The full set of lines below has to be duplicated exactly, with no picture kept.

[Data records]
--- START ---
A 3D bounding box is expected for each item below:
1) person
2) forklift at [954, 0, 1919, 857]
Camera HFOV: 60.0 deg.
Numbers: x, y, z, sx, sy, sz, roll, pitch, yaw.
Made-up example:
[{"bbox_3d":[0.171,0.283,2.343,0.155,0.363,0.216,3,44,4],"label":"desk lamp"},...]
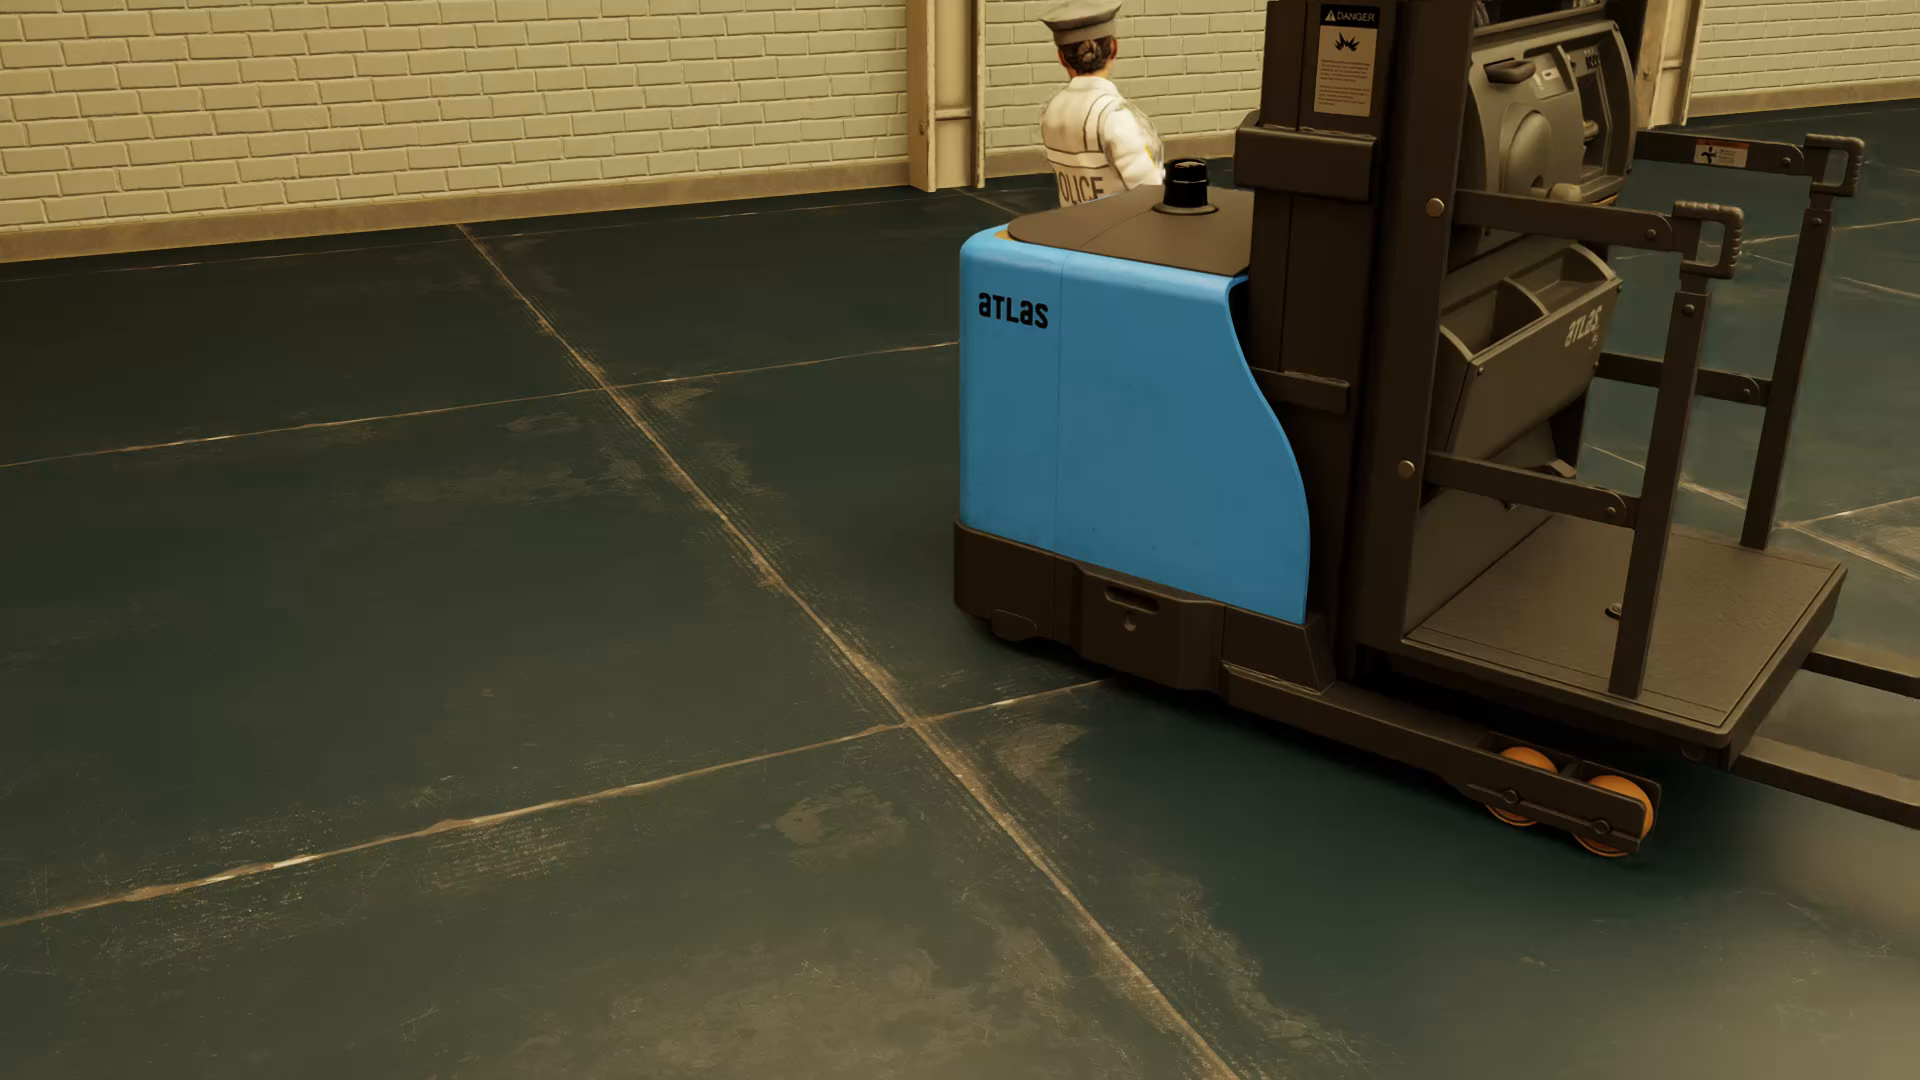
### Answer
[{"bbox_3d":[0.510,-0.791,4.979,0.818,1.578,0.644,-18,29,-37],"label":"person"},{"bbox_3d":[1.457,-0.917,3.495,3.031,2.935,1.130,17,28,35],"label":"forklift"}]
--- END ---
> **Solution to the exercise**
A 3D bounding box is expected for each item below:
1) person
2) forklift at [954, 0, 1919, 857]
Camera HFOV: 60.0 deg.
Numbers: x, y, z, sx, sy, sz, roll, pitch, yaw.
Made-up example:
[{"bbox_3d":[0.171,0.283,2.343,0.155,0.363,0.216,3,44,4],"label":"desk lamp"},...]
### Answer
[{"bbox_3d":[0.510,-0.791,4.979,0.818,1.578,0.644,-18,29,-37],"label":"person"},{"bbox_3d":[1.457,-0.917,3.495,3.031,2.935,1.130,17,28,35],"label":"forklift"}]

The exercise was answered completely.